Brian Edward Malnes appeals pro se from the district court’s judgment
dismissing his 42 U.S.C. § 1983 action alleging a violation of his rights under the
Fifteenth Amendment. We have jurisdiction under 28 U.S.C. § 1291. We review
*
This disposition is not appropriate for publication and is not precedent
except as provided by Ninth Circuit Rule 36-3.
**
The panel unanimously concludes this case is suitable for decision
without oral argument. See Fed. R. App. P. 34(a)(2). Accordingly, we deny
Malnes’s request for oral argument, set forth in his reply brief.

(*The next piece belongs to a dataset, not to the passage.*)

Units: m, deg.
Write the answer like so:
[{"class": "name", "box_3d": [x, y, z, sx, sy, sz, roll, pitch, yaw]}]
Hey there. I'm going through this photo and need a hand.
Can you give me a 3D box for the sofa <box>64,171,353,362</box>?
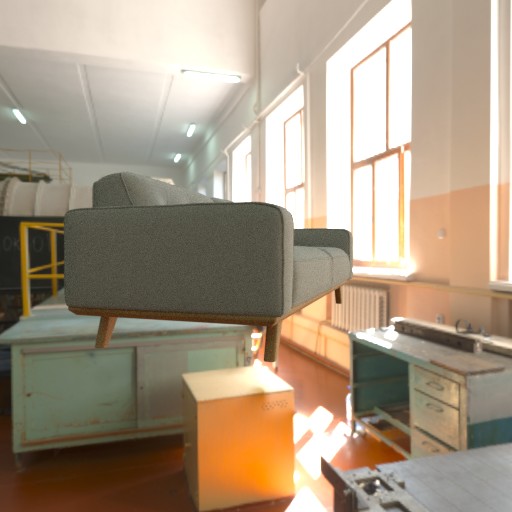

de novo the district court’s dismissal for failure to state a claim under Federal Rule
of Civil Procedure 12(b)(6). Hebbe v. Pliler, 627 F.3d 338, 341 (9th Cir. 2010).
We affirm.
The district court properly dismissed Malnes’s Fifteenth Amendment claim
for damages against defendant Reagan in her official capacity, and for damages
and injunctive relief against the State of Arizona, because the claim is barred by
Eleventh Amendment immunity. See Porter v. Jones, 319 F.3d 483, 491 (9th Cir.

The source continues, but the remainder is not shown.